Here is a reduced testcase for the missed optimization also dealing with Canonical form here. ``` static inline bool even (unsigned char t) { return (t%2) == 0; } unsigned char f(unsigned char t) { unsigned char y = even(t); unsigned int l = even(t); unsigned int l1 = y; return l1 == l; } ``` `& 1` is the canonical form even though the cast might look better because logical operators are better at being handled than casts (especially casts to bool).
This is actually a regression in that 8.5.0 used to be able to vectorize this. It can also worked around via using the option -fno-tree-vrp.
Note this is specificly related to the even odd/check rather than anything else.
Good point, my previous title was too generic, while the actual problem seems to be very specific (i.e. related to the even/odd check, like you said).
I see that if I replace the condition with `n%3==0`, or `n>3`, the code is vectorized. So GCC is clearly capable of vectorizing this `accumulator += boolean` pattern.
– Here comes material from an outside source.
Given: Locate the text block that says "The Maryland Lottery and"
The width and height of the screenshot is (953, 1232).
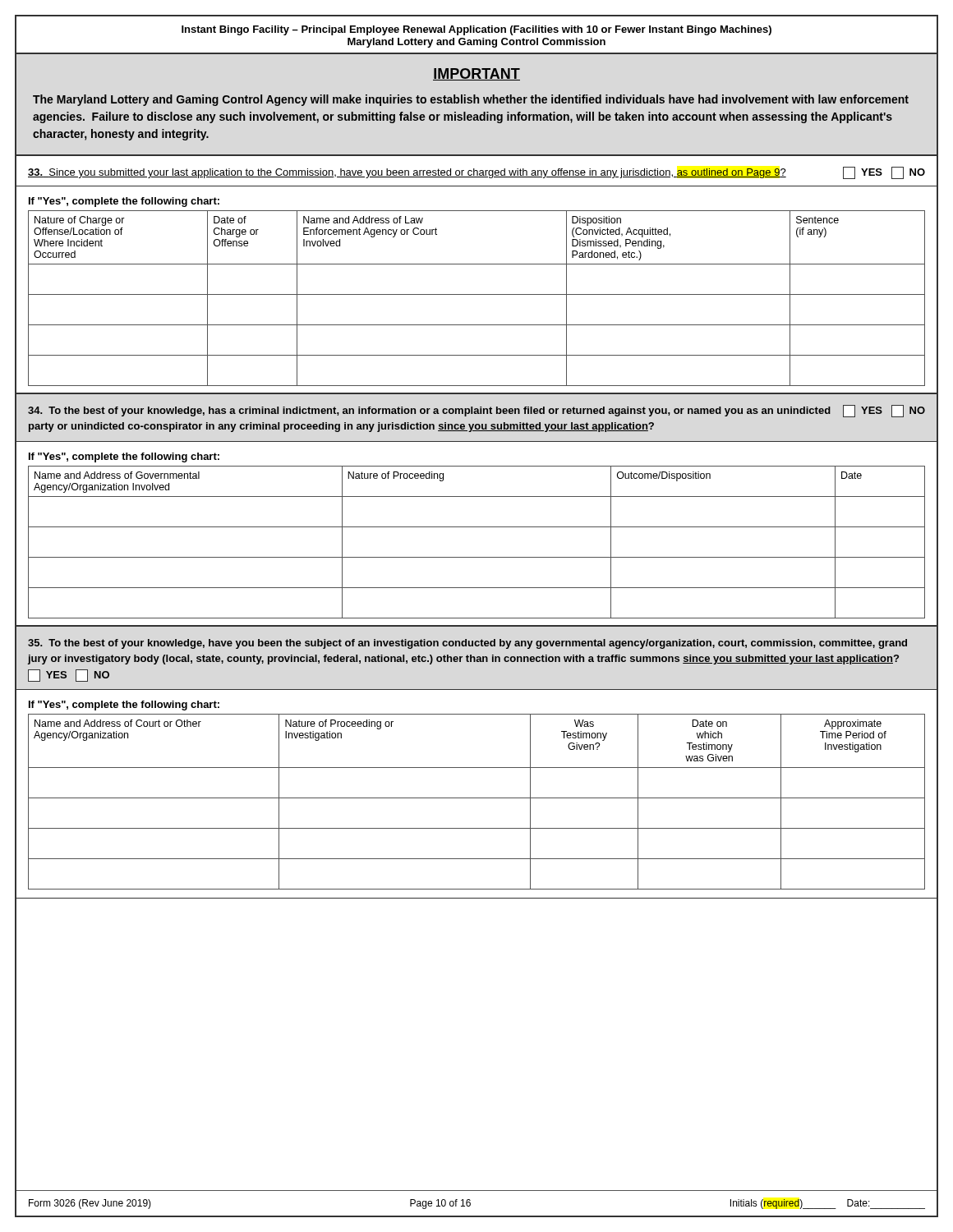Looking at the screenshot, I should pos(471,117).
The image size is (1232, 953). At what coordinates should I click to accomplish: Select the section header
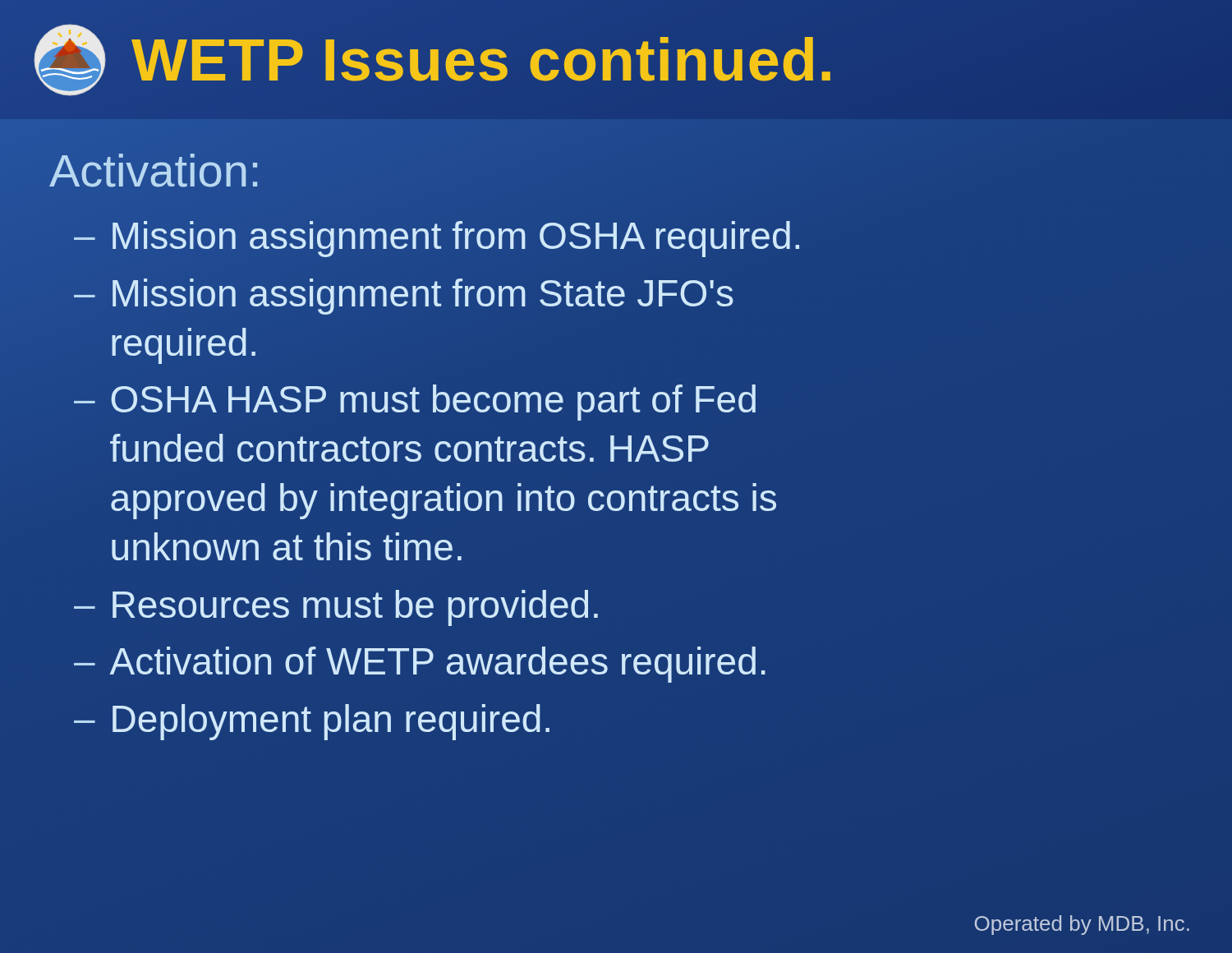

I have a patch but I need to write up a few testcases. Basically I modified case for `(convert (convert` where the inner and outer types were nop conversion to allow for the outer conversion to be greater than the inner one. and then we canonicalize like I mentioned in comment #3.
Patch posted: https://gcc.gnu.org/pipermail/gcc-patches/2024-November/670122.html
The trunk branch has been updated by Andrew Pinski <pinskia@gcc.gnu.org>: https://gcc.gnu.org/g:bca515ff1893fe4ca1a9042364af3c43f93a397c commit r15-5730-gbca515ff1893fe4ca1a9042364af3c43f93a397c Author: Andrew Pinski <quic_apinski@quicinc.com> Date: Mon Nov 25 16:04:21 2024 -0800 match: Improve handling of double convert [PR117776] For a double conversion, we will simplify it into a conversion with an and if the outer type and inside precision matches and the intra precision is smaller and unsigned. We should be able to extend this to where the outer precision is larger too. This is a good canonicalization too. Bootstrapped and tested on x86_64-linux-gnu. PR tree-optimization/117776 gcc/ChangeLog: * match.pd (nested int casts): Allow for the case where the final prec is greater than the original prec. gcc/testsuite/ChangeLog: * g++.dg/vect/pr117776.cc: New test. * gcc.dg/tree-ssa/cast-3.c: New test. Signed-off-by: Andrew Pinski <quic_apinski@quicinc.com>
Fixed on the trunk, this patch is not worth backporting even though this is a regression; it is a missed optimization and one which one that happens only one specific condition (even/odd checks) and it took 5 years for someone to report.